I worry, and the Lord laughs.
I worry, and the Lord waits for me to finish freaking out.
I worry, and the Lord shakes His head with a smile on His face.
I worry, and He replies...
"Rebekah, allow Me to love you."
My prayer through this entire summer has been, "I am expecting You to show up. I am expecting You to fix this. No Sir, this is not a request."
Here I am again. Sitting at His feet. Pleading into His eyes to love me, comfort me, hold me, provide for me, show me how big He is, show me how mighty He is, show me how beautiful He is, show me how deeply He loves me, show me how true He is.

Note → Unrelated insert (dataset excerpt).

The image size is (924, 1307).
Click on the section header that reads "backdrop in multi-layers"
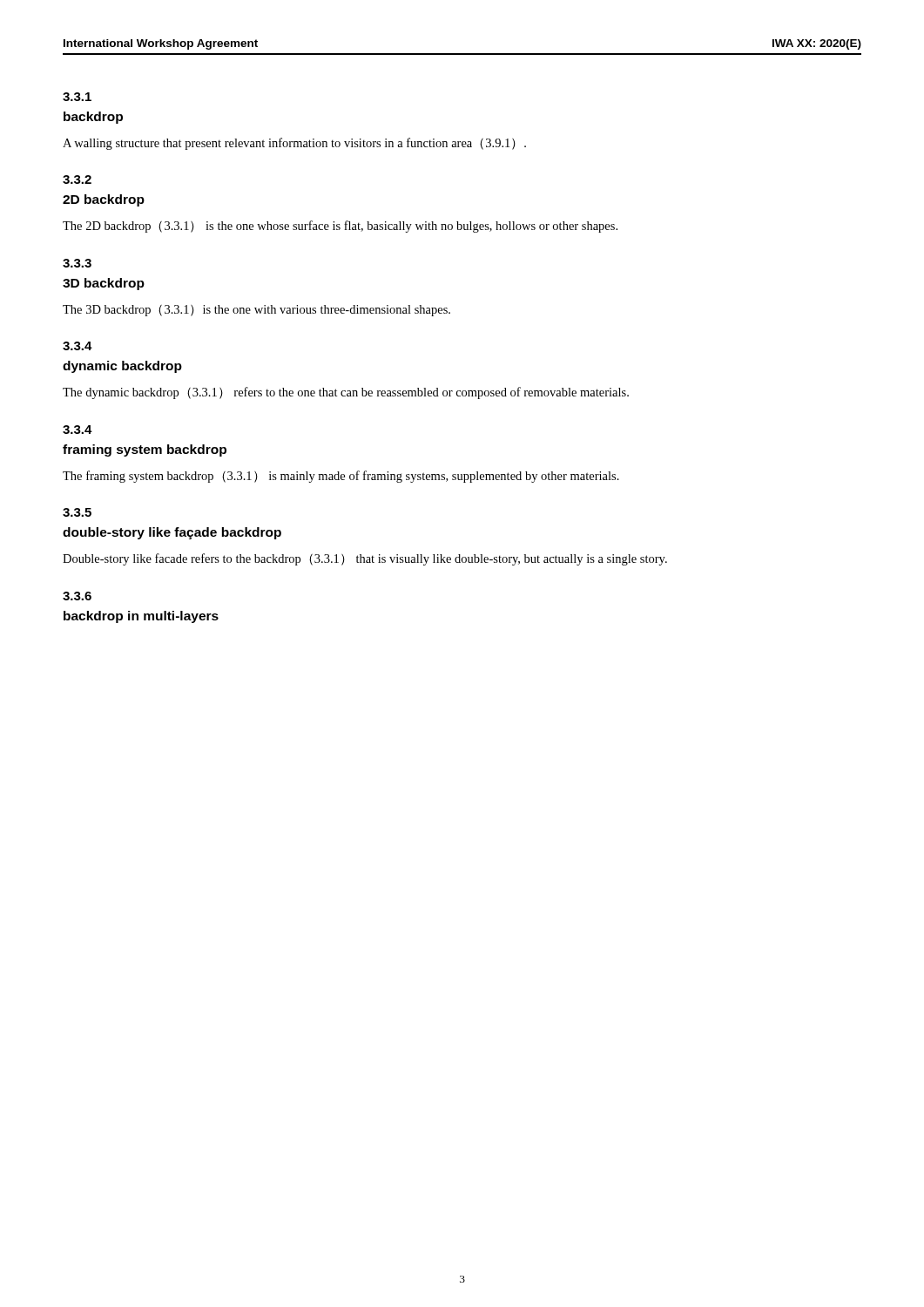(141, 615)

"Lord, I'm expecting You to show up."
Let's see how He does it this time...
Sunday, August 21, 2011
Face.
I came home the other night wearing a very sad face.
It had been a bad day at work, and I wanted the world to know it, so I wore it on my face.
However, when I came home, I came home to this face
And also to this face
Which made me put on my happy face.
Then Ava Michelle and I put on our men faces and changed the face of the mantle.
These two picture faces were hung without a tape measure, but with a ball of yarn, a hammer, and some screwdrivers.
Then we hung some more picture faces
Go Wolfpack!
This clock face is now hanging in our hallway face.
Don't worry, Ava Michelle got it on clearance, 75% off.
Ha.
Then we changed the face of our dining room.
Thanks Kara for this wonderful print! I love your face!
While Ava Michelle and I were changing our apartment's face, we came across this face.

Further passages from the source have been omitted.